In May, 1882, the Company purchased a 25 x 63 foot plot of land from William Raynor for a price of $100 on the west side of Parsonage A venue, later Church Street. On this lot the Company members built the first fire house in Freeport. The Company's second apparatus was built in 1900 with the work performed by Theodore Bedell's Blacksmith Shop. Although this apparatus was intended to be hand drawn, horses, supplied from Henry Schulter's Grocery Store, could be attached and draw the apparatus to fires.

The first factory built apparatus utilized by the Company was a 1911 American LaFrance which was generally termed a fourth-sized truck and was purchased for $1,573. This truck was equipped with a hitch allowing for two or three horses to be attached. The truck measured forty feet, one inch in length and weighed about 4,000 pounds. Its equipment consisted of 234 feet of ladders, fire lines, buckets, life net, chemical extinguishers and charges, pike poles, wall hooks, door opener, battering ram, wire cutters, lineman's climbers, tin roof cutters, shovels, pitchforks and a ten- inch Rushmore Searchlight.

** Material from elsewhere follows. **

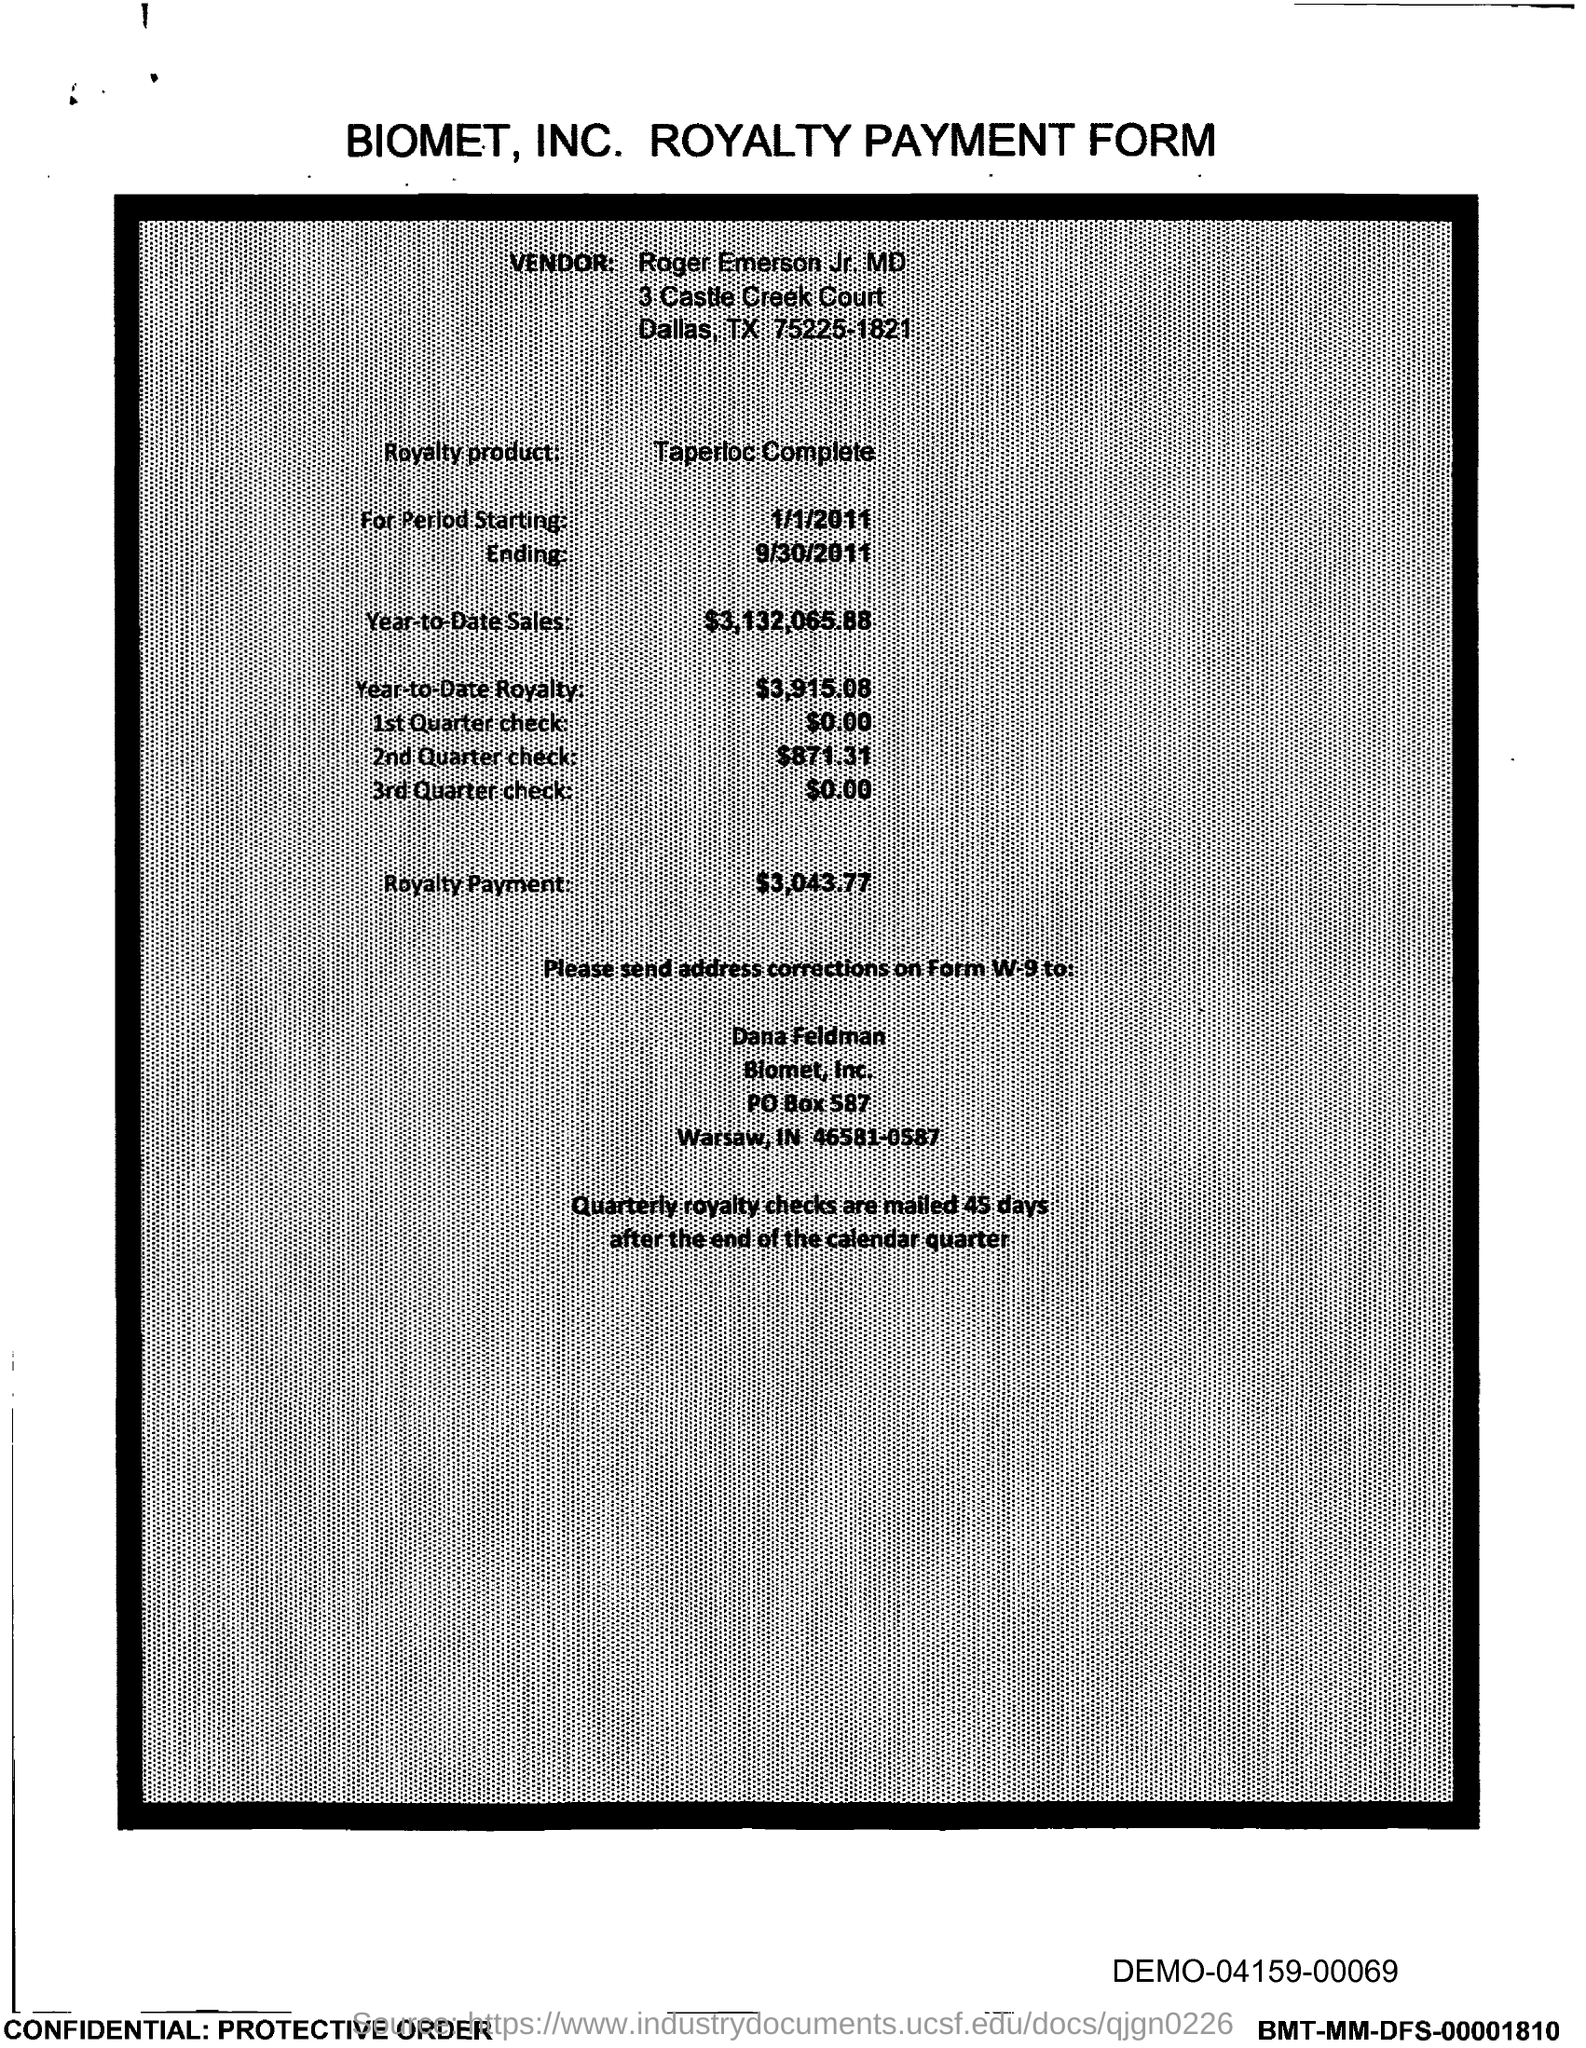What is the PO Box Number mentioned in the document?
Keep it short and to the point. 587.

In August 1914, the truck was motorized by the addition of a three ton Mack Tractor with a four cylinder, 50 horsepower engine at a cost of $6,000.

The next apparatus employed by the Company was a 1924 Seagrave sixty-five foot wood aerial truck, the first one placed in service on Long Island. The building needed to be expanded, due to the arrival of the new truck; the Company had outgrown the building. Early in 1936 a deal was consummated with the Village Board of Trustees that in exchange for the old firehouse and property, the Village would secure the lot directly north, owned by the Freeport Council, Jr. O.U.A.M. (Order of United American Mechanics) and build a new firehouse. The Village appropriated $45,000 for this project.



The new spacious Company quarters were completed on October 23, 1937, which allowed for the storage of all equipment and apparatus and future expansion. In November of 1940, a Diamond-T flood light truck was placed in service followed by a 1942 Seagrave, 100 foot steel aerial ladder truck which was the first of its kind on Long Island.





On January 4, 1989, sadness struck the Company when Thomas A. Razzano died as a result of a heart attack that he sustained as he was responding to an alarm of fire.
In 2002 an addition was added to the building, doubling the size of the quarters, in anticipation of their next apparatus, a 2004 Seagrave 100 foot aerial truck with a ten man cab. Also that year the 1990 Simon Duplex Saulsbury Rescue Truck was transferred from Emergency Rescue Company No.9 for use as a "Special Equipment Unit" and replaced the former Collapse Unit vehicle.